Dataset extract:
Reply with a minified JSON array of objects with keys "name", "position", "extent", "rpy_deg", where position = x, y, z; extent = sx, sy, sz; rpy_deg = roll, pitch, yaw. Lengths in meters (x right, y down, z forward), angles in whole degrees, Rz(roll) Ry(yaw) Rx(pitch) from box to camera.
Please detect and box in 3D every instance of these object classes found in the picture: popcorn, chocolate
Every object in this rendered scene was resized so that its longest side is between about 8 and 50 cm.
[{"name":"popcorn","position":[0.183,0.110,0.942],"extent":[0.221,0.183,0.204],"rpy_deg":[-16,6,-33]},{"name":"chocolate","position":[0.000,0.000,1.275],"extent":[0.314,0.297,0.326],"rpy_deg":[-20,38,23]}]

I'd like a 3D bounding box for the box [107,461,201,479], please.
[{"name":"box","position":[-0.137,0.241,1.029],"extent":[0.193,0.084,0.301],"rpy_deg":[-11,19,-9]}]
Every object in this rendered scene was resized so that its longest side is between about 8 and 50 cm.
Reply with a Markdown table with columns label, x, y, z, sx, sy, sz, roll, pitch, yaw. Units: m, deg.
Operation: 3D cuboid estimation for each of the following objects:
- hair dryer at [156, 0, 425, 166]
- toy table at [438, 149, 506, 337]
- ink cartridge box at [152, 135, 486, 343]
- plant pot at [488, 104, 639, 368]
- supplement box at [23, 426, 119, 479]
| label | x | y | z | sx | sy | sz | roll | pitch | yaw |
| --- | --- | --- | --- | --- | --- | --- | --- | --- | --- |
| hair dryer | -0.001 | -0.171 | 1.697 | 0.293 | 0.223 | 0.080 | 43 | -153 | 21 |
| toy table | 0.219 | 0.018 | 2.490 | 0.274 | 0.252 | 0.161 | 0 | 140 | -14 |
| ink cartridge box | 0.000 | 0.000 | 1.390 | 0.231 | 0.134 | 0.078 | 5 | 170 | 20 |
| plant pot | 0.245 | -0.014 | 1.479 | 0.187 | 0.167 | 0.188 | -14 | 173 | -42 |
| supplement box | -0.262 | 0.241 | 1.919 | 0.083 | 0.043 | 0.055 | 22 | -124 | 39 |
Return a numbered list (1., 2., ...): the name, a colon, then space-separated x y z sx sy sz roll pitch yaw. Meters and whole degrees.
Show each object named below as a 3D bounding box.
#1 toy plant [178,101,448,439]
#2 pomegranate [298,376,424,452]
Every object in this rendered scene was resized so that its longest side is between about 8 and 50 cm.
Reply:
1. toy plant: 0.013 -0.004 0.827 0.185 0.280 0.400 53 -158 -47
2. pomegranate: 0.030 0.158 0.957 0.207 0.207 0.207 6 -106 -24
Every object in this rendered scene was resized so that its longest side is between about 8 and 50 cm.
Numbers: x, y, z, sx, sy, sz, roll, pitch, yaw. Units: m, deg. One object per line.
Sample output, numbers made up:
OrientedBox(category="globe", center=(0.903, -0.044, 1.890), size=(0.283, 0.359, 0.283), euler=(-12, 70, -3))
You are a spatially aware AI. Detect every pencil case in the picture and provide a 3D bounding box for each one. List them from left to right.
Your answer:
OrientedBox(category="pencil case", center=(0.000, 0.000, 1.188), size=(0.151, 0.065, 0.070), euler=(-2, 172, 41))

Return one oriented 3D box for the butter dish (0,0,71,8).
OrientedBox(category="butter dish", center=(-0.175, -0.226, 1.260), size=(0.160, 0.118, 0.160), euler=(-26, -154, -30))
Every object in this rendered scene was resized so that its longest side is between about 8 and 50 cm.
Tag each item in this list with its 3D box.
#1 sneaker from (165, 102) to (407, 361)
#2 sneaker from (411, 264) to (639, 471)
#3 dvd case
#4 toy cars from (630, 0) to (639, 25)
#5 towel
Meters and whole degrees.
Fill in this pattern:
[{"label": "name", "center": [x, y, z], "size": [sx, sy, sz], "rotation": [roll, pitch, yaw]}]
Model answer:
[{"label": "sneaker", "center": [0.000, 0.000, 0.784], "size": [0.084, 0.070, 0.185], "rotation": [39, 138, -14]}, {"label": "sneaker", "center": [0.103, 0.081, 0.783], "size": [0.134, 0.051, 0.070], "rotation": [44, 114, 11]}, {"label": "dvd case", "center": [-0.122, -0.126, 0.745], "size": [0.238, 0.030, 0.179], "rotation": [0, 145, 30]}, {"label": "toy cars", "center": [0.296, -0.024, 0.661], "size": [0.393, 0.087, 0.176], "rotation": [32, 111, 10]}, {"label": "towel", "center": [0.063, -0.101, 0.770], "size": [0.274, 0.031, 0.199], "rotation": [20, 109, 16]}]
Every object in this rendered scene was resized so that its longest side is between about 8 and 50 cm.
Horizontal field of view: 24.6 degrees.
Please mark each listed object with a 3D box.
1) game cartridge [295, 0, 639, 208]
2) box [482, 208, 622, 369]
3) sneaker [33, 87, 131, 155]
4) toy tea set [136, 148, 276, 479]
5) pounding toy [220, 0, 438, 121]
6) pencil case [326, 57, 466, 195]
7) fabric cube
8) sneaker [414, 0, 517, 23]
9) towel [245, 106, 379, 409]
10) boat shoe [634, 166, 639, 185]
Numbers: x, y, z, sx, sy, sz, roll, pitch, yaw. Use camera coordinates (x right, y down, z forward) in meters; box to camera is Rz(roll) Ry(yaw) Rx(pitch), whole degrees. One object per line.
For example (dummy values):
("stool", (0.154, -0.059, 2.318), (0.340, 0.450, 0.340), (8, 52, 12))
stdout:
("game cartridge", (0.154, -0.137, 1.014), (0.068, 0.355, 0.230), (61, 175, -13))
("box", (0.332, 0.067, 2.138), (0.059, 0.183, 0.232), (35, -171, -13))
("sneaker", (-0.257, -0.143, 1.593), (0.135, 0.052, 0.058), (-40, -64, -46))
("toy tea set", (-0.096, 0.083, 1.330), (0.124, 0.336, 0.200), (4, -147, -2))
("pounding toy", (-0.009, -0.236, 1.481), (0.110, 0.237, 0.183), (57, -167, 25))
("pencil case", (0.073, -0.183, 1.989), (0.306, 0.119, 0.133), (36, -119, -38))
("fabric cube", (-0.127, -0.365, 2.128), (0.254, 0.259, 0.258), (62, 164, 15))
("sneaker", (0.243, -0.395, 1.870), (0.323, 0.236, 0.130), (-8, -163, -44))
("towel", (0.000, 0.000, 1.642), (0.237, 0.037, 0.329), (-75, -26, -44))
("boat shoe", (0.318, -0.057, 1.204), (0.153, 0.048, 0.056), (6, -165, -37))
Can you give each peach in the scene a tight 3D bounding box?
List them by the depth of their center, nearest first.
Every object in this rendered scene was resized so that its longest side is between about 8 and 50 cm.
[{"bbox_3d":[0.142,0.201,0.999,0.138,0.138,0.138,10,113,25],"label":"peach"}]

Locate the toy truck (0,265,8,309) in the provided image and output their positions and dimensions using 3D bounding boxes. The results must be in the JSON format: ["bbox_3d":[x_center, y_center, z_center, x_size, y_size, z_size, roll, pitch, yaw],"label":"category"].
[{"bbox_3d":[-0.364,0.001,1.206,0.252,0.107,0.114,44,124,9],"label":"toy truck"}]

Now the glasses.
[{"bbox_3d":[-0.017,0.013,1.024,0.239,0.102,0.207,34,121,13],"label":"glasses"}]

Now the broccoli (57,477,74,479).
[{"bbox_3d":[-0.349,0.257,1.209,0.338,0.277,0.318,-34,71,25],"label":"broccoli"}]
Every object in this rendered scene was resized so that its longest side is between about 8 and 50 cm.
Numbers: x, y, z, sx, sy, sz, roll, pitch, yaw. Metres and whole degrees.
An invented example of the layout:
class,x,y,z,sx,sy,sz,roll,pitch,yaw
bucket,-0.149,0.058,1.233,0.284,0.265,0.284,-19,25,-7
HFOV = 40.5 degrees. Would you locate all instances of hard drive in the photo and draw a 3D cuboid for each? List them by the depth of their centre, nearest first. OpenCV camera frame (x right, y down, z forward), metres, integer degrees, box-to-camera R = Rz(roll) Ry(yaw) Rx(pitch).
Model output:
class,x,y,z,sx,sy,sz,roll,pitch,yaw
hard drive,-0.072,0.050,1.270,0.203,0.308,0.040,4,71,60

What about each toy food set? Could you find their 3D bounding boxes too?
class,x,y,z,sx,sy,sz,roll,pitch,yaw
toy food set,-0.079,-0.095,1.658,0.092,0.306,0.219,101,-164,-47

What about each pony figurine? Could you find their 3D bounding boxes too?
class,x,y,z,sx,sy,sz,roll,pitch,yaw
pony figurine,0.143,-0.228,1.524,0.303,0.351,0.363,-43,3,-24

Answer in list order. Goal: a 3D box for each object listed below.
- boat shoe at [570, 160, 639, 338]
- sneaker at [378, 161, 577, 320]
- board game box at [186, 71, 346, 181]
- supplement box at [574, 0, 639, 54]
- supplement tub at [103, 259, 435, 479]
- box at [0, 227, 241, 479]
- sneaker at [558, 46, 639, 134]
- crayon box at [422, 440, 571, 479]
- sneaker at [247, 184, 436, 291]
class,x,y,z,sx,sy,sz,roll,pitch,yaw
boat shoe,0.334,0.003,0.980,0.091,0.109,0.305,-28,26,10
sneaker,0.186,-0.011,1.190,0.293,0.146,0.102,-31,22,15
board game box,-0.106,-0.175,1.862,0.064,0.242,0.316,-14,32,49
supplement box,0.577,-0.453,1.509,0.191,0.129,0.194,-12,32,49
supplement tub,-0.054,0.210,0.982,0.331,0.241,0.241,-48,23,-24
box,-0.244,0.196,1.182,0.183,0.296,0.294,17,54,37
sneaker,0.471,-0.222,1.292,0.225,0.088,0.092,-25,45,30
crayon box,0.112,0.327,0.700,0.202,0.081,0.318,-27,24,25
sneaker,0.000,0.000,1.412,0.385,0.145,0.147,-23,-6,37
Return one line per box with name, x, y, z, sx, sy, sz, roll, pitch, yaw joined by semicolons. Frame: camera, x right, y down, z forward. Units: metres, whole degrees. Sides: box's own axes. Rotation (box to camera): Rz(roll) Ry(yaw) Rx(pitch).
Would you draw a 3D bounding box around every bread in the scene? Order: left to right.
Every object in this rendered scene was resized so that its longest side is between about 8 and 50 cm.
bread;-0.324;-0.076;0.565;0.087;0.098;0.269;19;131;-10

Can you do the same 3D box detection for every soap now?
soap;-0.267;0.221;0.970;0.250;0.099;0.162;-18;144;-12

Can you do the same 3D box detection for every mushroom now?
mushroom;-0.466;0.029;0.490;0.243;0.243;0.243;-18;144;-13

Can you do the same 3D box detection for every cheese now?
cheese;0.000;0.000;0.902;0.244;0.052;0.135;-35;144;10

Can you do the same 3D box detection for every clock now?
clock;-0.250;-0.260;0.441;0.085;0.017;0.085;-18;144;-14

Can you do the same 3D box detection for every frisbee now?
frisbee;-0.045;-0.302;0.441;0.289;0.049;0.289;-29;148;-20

What you will do: Using the material above, quote the first line and each line after it, stopping at and including the line that holds "- plant pot at [488, 104, 639, 368]".

Answer to the problem:
Reply with a minified JSON array of objects with keys "name", "position", "extent", "rpy_deg", where position = x, y, z; extent = sx, sy, sz; rpy_deg = roll, pitch, yaw. Lengths in meters (x right, y down, z forward), angles in whole degrees, Rz(roll) Ry(yaw) Rx(pitch) from box to camera.
Please detect and box in 3D every instance of these object classes found in the picture: popcorn, chocolate
Every object in this rendered scene was resized so that its longest side is between about 8 and 50 cm.
[{"name":"popcorn","position":[0.183,0.110,0.942],"extent":[0.221,0.183,0.204],"rpy_deg":[-16,6,-33]},{"name":"chocolate","position":[0.000,0.000,1.275],"extent":[0.314,0.297,0.326],"rpy_deg":[-20,38,23]}]

I'd like a 3D bounding box for the box [107,461,201,479], please.
[{"name":"box","position":[-0.137,0.241,1.029],"extent":[0.193,0.084,0.301],"rpy_deg":[-11,19,-9]}]
Every object in this rendered scene was resized so that its longest side is between about 8 and 50 cm.
Reply with a Markdown table with columns label, x, y, z, sx, sy, sz, roll, pitch, yaw. Units: m, deg.
Operation: 3D cuboid estimation for each of the following objects:
- hair dryer at [156, 0, 425, 166]
- toy table at [438, 149, 506, 337]
- ink cartridge box at [152, 135, 486, 343]
- plant pot at [488, 104, 639, 368]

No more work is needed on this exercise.